* _DIRECTIONS_
Pictures aside, output each record exactly.

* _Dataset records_
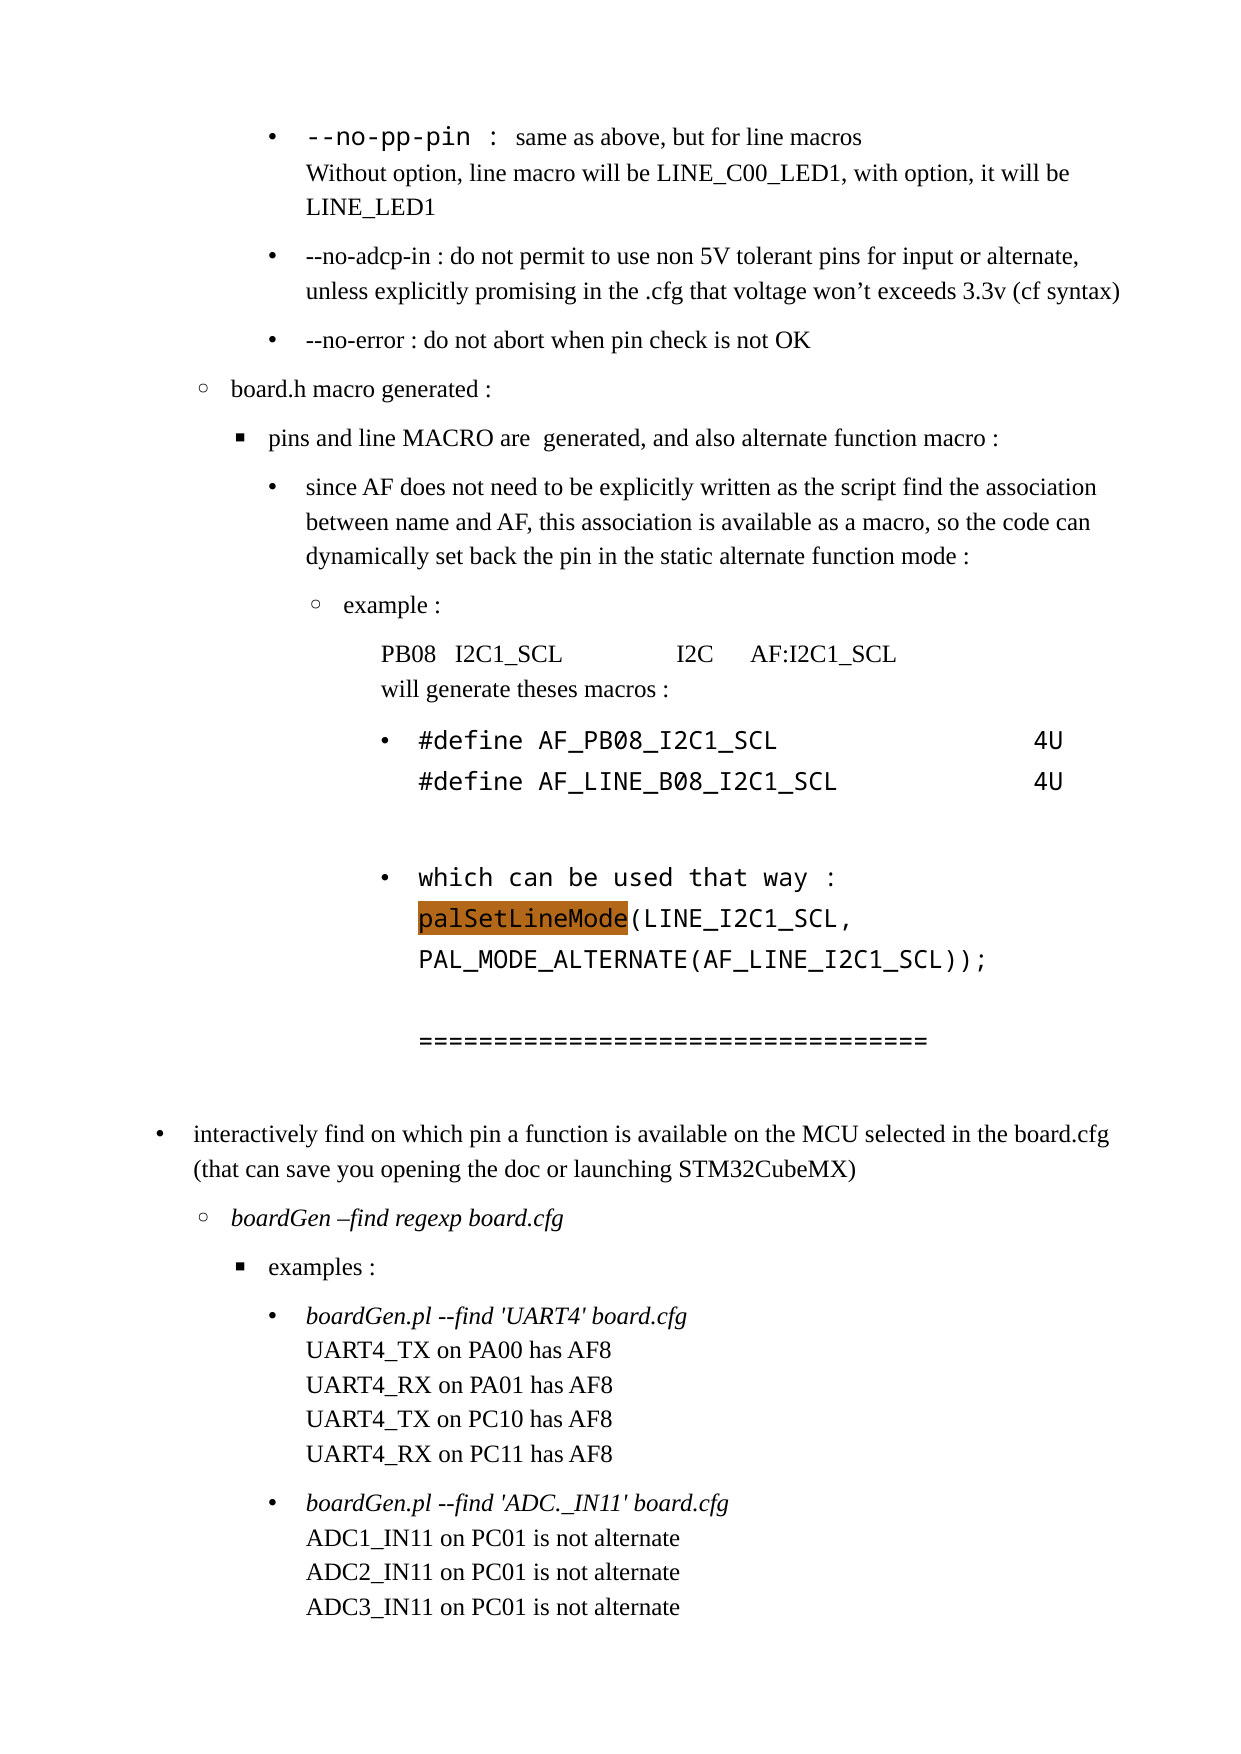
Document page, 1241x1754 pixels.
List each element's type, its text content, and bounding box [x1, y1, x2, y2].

list since AF does not need to be explicitly written as the script find the association between name and AF, this association is available as a macro, so the code can dynamically set back the pin in the static alternate function mode : [268, 472, 1122, 570]
list PB08 I2C1_SCL I2C AF:I2C1_SCL will generate theses macros : [343, 639, 1122, 702]
list --no-adcp-in : do not permit to use non 5V tolerant pins for input or alternate, unless explicitly promising in the .cfg that voltage won’t exceeds 3.3v (cf syntax) [268, 241, 1122, 305]
list interactively find on which pin a function is available on the MCU selected in the board.cfg (that can save you opening the doc or launching STM32CubeMX) [156, 1119, 1122, 1183]
list boardGen –find regexp board.cfg [193, 1203, 1122, 1232]
list pins and line MACRO are generated, and also alternate function macro : [231, 423, 1122, 452]
list #define AF_PB08_I2C1_SCL 4U #define AF_LINE_B08_I2C1_SCL 4U [381, 723, 1122, 838]
list board.h macro generated : [193, 374, 1122, 403]
list which can be used that way : palSetLineMode(LINE_I2C1_SCL, PAL_MODE_ALTERNATE(AF_LINE_I2C1_SCL)); ================================== [381, 860, 1122, 1098]
list example : [306, 590, 1122, 619]
list --no-pp-pin : same as above, but for line macros Without option, line macro will be LINE_C00_LED1, with option, it will be LINE_LED1 [268, 118, 1122, 221]
list examples : [231, 1252, 1122, 1281]
list boardGen.pl --find 'UART4' board.cfg UART4_TX on PA00 has AF8 UART4_RX on PA01 has AF8 UART4_TX on PC10 has AF8 UART4_RX on PC11 has AF8 [268, 1301, 1122, 1468]
list boardGen.pl --find 'ADC._IN11' board.cfg ADC1_IN11 on PC01 is not alternate ADC2_IN11 on PC01 is not alternate ADC3_IN11 on PC01 is not alternate [268, 1488, 1122, 1620]
list --no-error : do not abort when pin check is not OK [268, 325, 1122, 354]
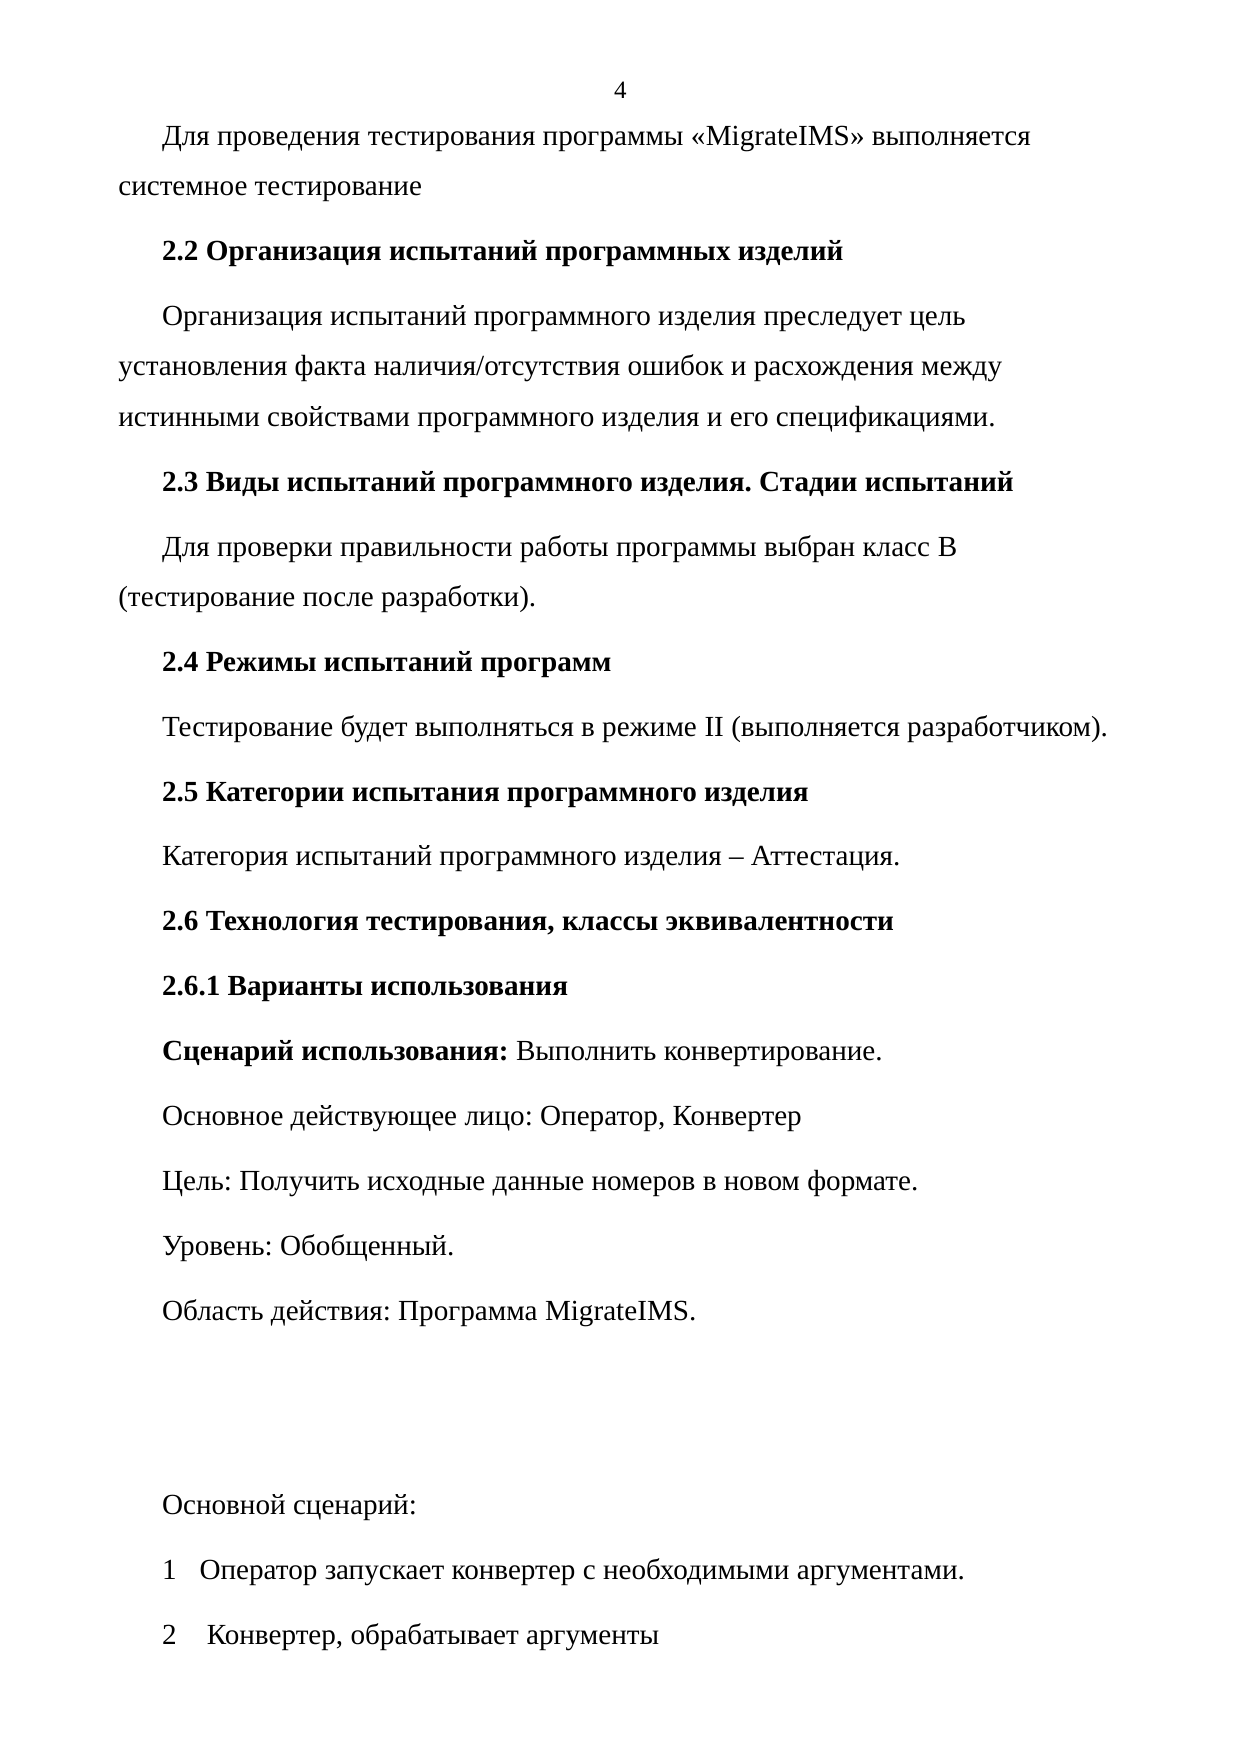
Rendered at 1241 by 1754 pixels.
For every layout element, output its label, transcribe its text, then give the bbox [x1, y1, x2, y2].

text Уровень: Обобщенный. [118, 1228, 1122, 1261]
text Для проведения тестирования программы «MigrateIMS» выполняется системное тестирование [118, 118, 1122, 202]
text Для проверки правильности работы программы выбран класс B (тестирование после разработки). [118, 529, 1122, 612]
text Цель: Получить исходные данные номеров в новом формате. [118, 1163, 1122, 1197]
list Конвертер, обрабатывает аргументы [162, 1617, 1122, 1651]
text Категория испытаний программного изделия – Аттестация. [118, 838, 1122, 872]
text Область действия: Программа MigrateIMS. [118, 1293, 1122, 1326]
list Оператор запускает конвертер с необходимыми аргументами. [162, 1552, 1122, 1586]
text Основной сценарий: [118, 1487, 1122, 1521]
text Тестирование будет выполняться в режиме II (выполняется разработчиком). [118, 709, 1122, 742]
text 2.2 Организация испытаний программных изделий [118, 233, 1122, 267]
text 2.6.1 Варианты использования [118, 968, 1122, 1002]
text Сценарий использования: Выполнить конвертирование. [118, 1033, 1122, 1067]
text Основное действующее лицо: Оператор, Конвертер [118, 1098, 1122, 1132]
text 2.6 Технология тестирования, классы эквивалентности [118, 903, 1122, 937]
text Организация испытаний программного изделия преследует цель установления факта наличия/отсутствия ошибок и расхождения между истинными свойствами программного изделия и его спецификациями. [118, 298, 1122, 432]
text 2.4 Режимы испытаний программ [118, 644, 1122, 677]
text 2.5 Категории испытания программного изделия [118, 774, 1122, 807]
text 2.3 Виды испытаний программного изделия. Стадии испытаний [118, 464, 1122, 497]
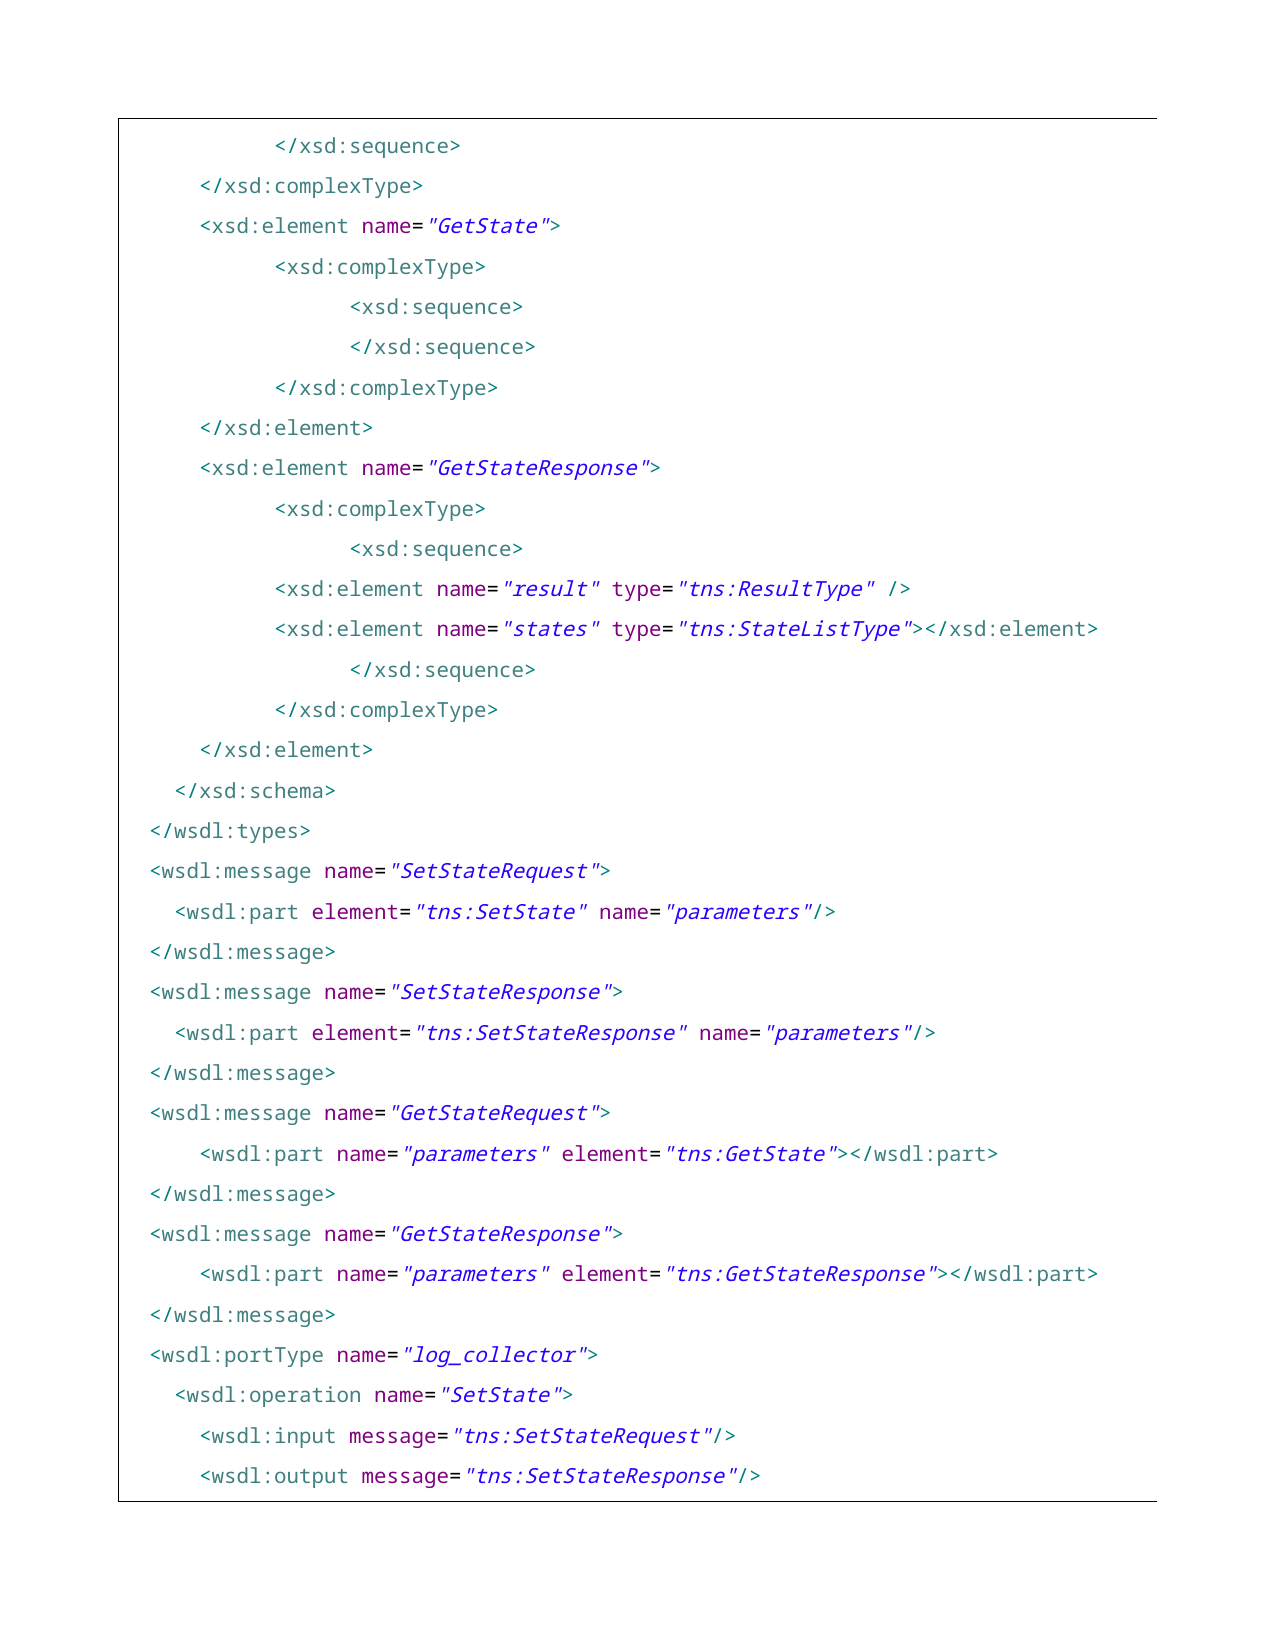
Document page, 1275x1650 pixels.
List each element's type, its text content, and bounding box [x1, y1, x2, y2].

table_header </xsd:sequence> </xsd:complexType> <xsd:element name="GetState"> <xsd:complexType> <xsd:sequence> </xsd:sequence> </xsd:complexType> </xsd:element> <xsd:element name="GetStateResponse"> <xsd:complexType> <xsd:sequence> <xsd:element name="result" type="tns:ResultType" /> <xsd:element name="states" type="tns:StateListType"></xsd:element> </xsd:sequence> </xsd:complexType> </xsd:element> </xsd:schema> </wsdl:types> <wsdl:message name="SetStateRequest"> <wsdl:part element="tns:SetState" name="parameters"/> </wsdl:message> <wsdl:message name="SetStateResponse"> <wsdl:part element="tns:SetStateResponse" name="parameters"/> </wsdl:message> <wsdl:message name="GetStateRequest"> <wsdl:part name="parameters" element="tns:GetState"></wsdl:part> </wsdl:message> <wsdl:message name="GetStateResponse"> <wsdl:part name="parameters" element="tns:GetStateResponse"></wsdl:part> </wsdl:message> <wsdl:portType name="log_collector"> <wsdl:operation name="SetState"> <wsdl:input message="tns:SetStateRequest"/> <wsdl:output message="tns:SetStateResponse"/> [119, 119, 1157, 1501]

* _OUTPUT OF THE TASK_
Document page, 1241x1754 pixels.
List each element's type, its text content, and bounding box [x1, y1, x2, y2].

list since AF does not need to be explicitly written as the script find the association between name and AF, this association is available as a macro, so the code can dynamically set back the pin in the static alternate function mode : [268, 472, 1122, 570]
list PB08 I2C1_SCL I2C AF:I2C1_SCL will generate theses macros : [343, 639, 1122, 702]
list --no-adcp-in : do not permit to use non 5V tolerant pins for input or alternate, unless explicitly promising in the .cfg that voltage won’t exceeds 3.3v (cf syntax) [268, 241, 1122, 305]
list interactively find on which pin a function is available on the MCU selected in the board.cfg (that can save you opening the doc or launching STM32CubeMX) [156, 1119, 1122, 1183]
list boardGen –find regexp board.cfg [193, 1203, 1122, 1232]
list pins and line MACRO are generated, and also alternate function macro : [231, 423, 1122, 452]
list #define AF_PB08_I2C1_SCL 4U #define AF_LINE_B08_I2C1_SCL 4U [381, 723, 1122, 838]
list board.h macro generated : [193, 374, 1122, 403]
list which can be used that way : palSetLineMode(LINE_I2C1_SCL, PAL_MODE_ALTERNATE(AF_LINE_I2C1_SCL)); ================================== [381, 860, 1122, 1098]
list example : [306, 590, 1122, 619]
list --no-pp-pin : same as above, but for line macros Without option, line macro will be LINE_C00_LED1, with option, it will be LINE_LED1 [268, 118, 1122, 221]
list examples : [231, 1252, 1122, 1281]
list boardGen.pl --find 'UART4' board.cfg UART4_TX on PA00 has AF8 UART4_RX on PA01 has AF8 UART4_TX on PC10 has AF8 UART4_RX on PC11 has AF8 [268, 1301, 1122, 1468]
list boardGen.pl --find 'ADC._IN11' board.cfg ADC1_IN11 on PC01 is not alternate ADC2_IN11 on PC01 is not alternate ADC3_IN11 on PC01 is not alternate [268, 1488, 1122, 1620]
list --no-error : do not abort when pin check is not OK [268, 325, 1122, 354]
Rendered at 1241 by 1754 pixels.
For every layout element, output its label, transcribe its text, then give the bbox [x1, y1, x2, y2].

text Уровень: Обобщенный. [118, 1228, 1122, 1261]
text Для проведения тестирования программы «MigrateIMS» выполняется системное тестирование [118, 118, 1122, 202]
text Для проверки правильности работы программы выбран класс B (тестирование после разработки). [118, 529, 1122, 612]
text Цель: Получить исходные данные номеров в новом формате. [118, 1163, 1122, 1197]
list Конвертер, обрабатывает аргументы [162, 1617, 1122, 1651]
text Категория испытаний программного изделия – Аттестация. [118, 838, 1122, 872]
text Область действия: Программа MigrateIMS. [118, 1293, 1122, 1326]
list Оператор запускает конвертер с необходимыми аргументами. [162, 1552, 1122, 1586]
text Основной сценарий: [118, 1487, 1122, 1521]
text Тестирование будет выполняться в режиме II (выполняется разработчиком). [118, 709, 1122, 742]
text 2.2 Организация испытаний программных изделий [118, 233, 1122, 267]
text 2.6.1 Варианты использования [118, 968, 1122, 1002]
text Сценарий использования: Выполнить конвертирование. [118, 1033, 1122, 1067]
text Основное действующее лицо: Оператор, Конвертер [118, 1098, 1122, 1132]
text 2.6 Технология тестирования, классы эквивалентности [118, 903, 1122, 937]
text Организация испытаний программного изделия преследует цель установления факта наличия/отсутствия ошибок и расхождения между истинными свойствами программного изделия и его спецификациями. [118, 298, 1122, 432]
text 2.4 Режимы испытаний программ [118, 644, 1122, 677]
text 2.5 Категории испытания программного изделия [118, 774, 1122, 807]
text 2.3 Виды испытаний программного изделия. Стадии испытаний [118, 464, 1122, 497]
Document page, 1275x1650 pixels.
List each element's type, its text content, and bounding box [x1, y1, x2, y2].

table_header </xsd:sequence> </xsd:complexType> <xsd:element name="GetState"> <xsd:complexType> <xsd:sequence> </xsd:sequence> </xsd:complexType> </xsd:element> <xsd:element name="GetStateResponse"> <xsd:complexType> <xsd:sequence> <xsd:element name="result" type="tns:ResultType" /> <xsd:element name="states" type="tns:StateListType"></xsd:element> </xsd:sequence> </xsd:complexType> </xsd:element> </xsd:schema> </wsdl:types> <wsdl:message name="SetStateRequest"> <wsdl:part element="tns:SetState" name="parameters"/> </wsdl:message> <wsdl:message name="SetStateResponse"> <wsdl:part element="tns:SetStateResponse" name="parameters"/> </wsdl:message> <wsdl:message name="GetStateRequest"> <wsdl:part name="parameters" element="tns:GetState"></wsdl:part> </wsdl:message> <wsdl:message name="GetStateResponse"> <wsdl:part name="parameters" element="tns:GetStateResponse"></wsdl:part> </wsdl:message> <wsdl:portType name="log_collector"> <wsdl:operation name="SetState"> <wsdl:input message="tns:SetStateRequest"/> <wsdl:output message="tns:SetStateResponse"/> [119, 119, 1157, 1501]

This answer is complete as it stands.